Configuration Management in Behavox: Part 1 - Ansible

Configuration Management in Behavox:  Part 1 - Ansible

Hey, it's Kirill Proskurin, Head of DevOps Engineering at Behavox.

Five years ago when I joined Behavox, Ansible was all the rage. It promised a very easy to use and powerful configuration management tool, and it didn't come as a surprise that Behavox already used it.
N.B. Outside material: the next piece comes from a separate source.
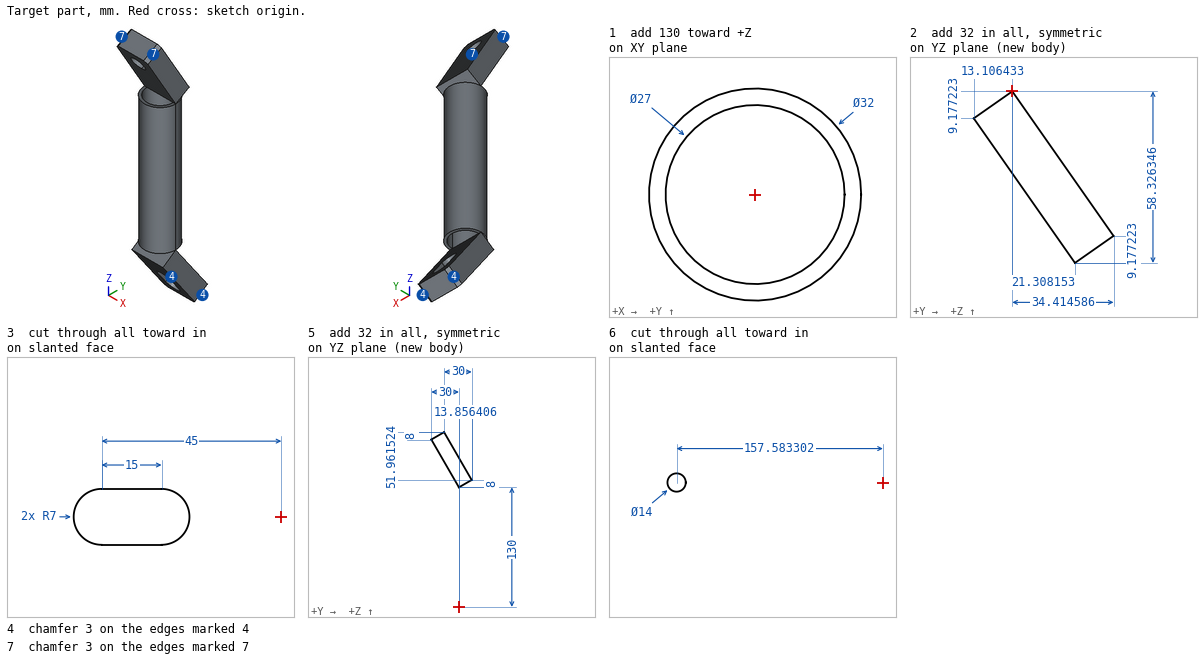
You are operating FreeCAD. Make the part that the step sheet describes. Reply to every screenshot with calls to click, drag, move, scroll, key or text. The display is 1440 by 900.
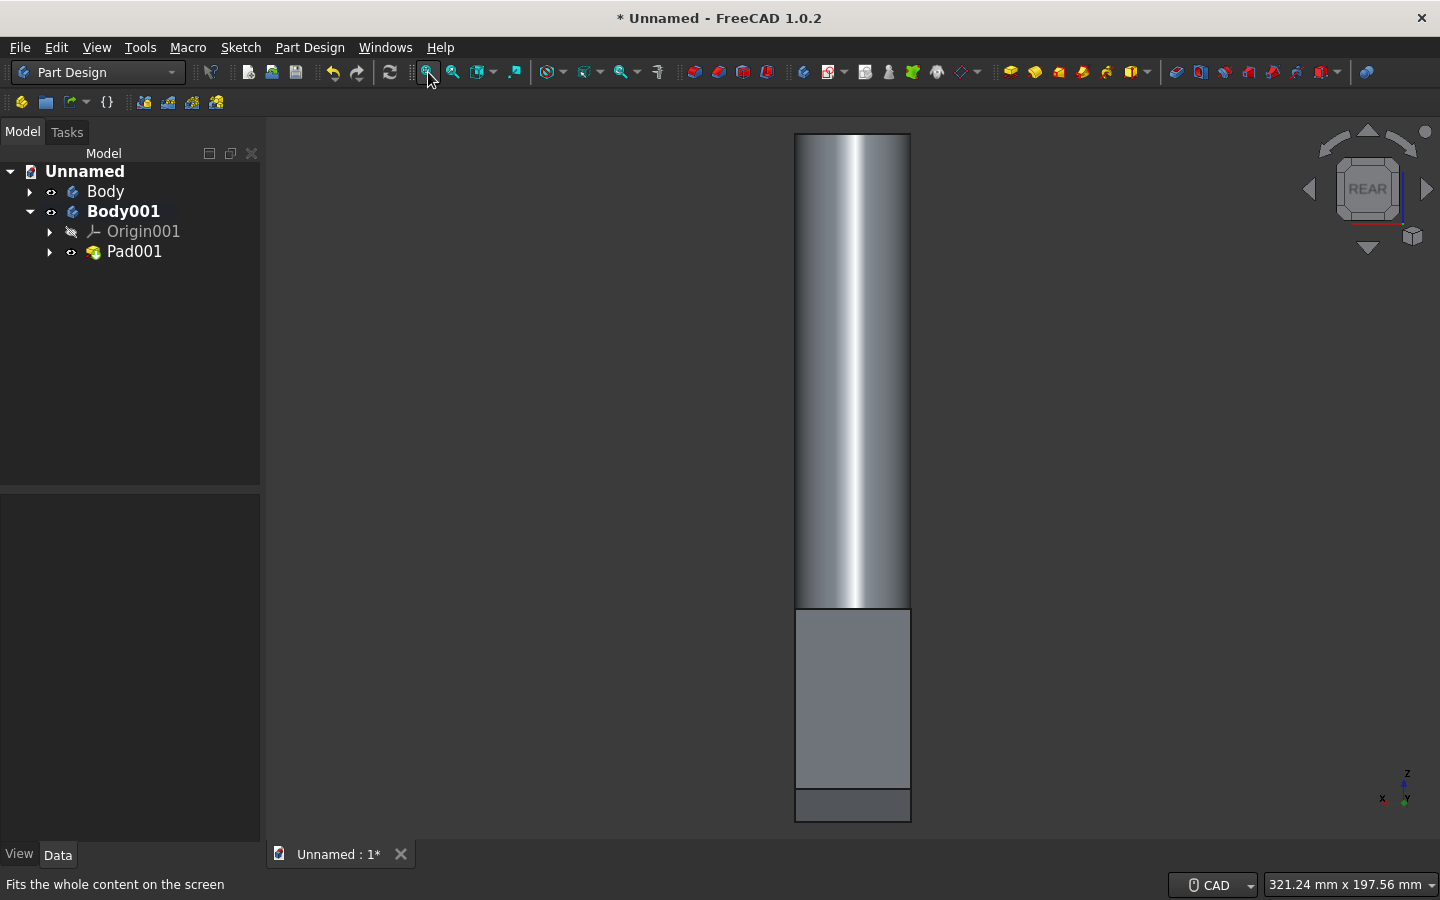
click(853, 723)

In fact, Behavox was very invested in it - we used it for cloud provisioning, configuration management, and as a deployment tool.

To be fair, it was more than enough for the Behavox scale of that time. I'd even argue that it was more than adequate for cloud provisioning since Terraform didn't even have a "for loops" at the time. We're going to talk about cloud provisioning later, so let's get back to configuration management.

Let's talk about some of the biggest challenges and our overall experience with Ansible.

Variables hierarchy

Like most companies, Behavox has separated Dev, Staging (we call it "pre"), and Production environments. So naturally, we wanted to separate the custom configuration of each while keeping common elements. We also wanted to have customer-wide, cluster-wide, and node-wide overrides.

I joined with multiple years of Puppet experience, and I really loved the concept of the hiera and achieving that configuration hierarchy would be relatively simple with it.

While hiera lookup was available for Ansible, we considered it a bit alien at the time and decided to go with the Ansible-native approach.

To this day, I think this is a poorly documented part of Ansible.  I scoured Ansible documentation, and unless I missed something, Ansible variables structure is not clearly explained. Yes, there are this and this and that but I'm struggling to find the exact example of how we did our structure so let me just explain it here.

We agreed to set variables in three places:

  1. Inventory: for topology-related variables
  2. host_vars: for host-specific variables
  3. group_vars: for everything else

Our group_vars looks like this:


So, for example: group_vars/prod_behavox_monitoring/

And the idea that we going to inherit and override all variables in that order:

inventory -> all -> prod -> behavox -> monitoring -> host

And for that to work we need to have inventory groups like this:

<all nodes here>

[some_other groups]




It's a bit confusing, and I'm struggling to link the related documentation but it actually works pretty well for us. So even though it's not as clean as it would be in hiera I think we managed to solve the hierarchy of the variables in Ansible.

Debugging, extending, and working with Ansible

Ansible has simple and clean yaml-based DSL. It's mostly easy to read and understand. My pet peeve is the need to add double quotes to keys with jinja variables but we can live with that.

Ansible has a very powerful conception of when + register that would allow chaining multiple tasks into a seamless logic. The downside of that is the rise of a code style called "bashsible", when Ansible is used like a glorified bash script.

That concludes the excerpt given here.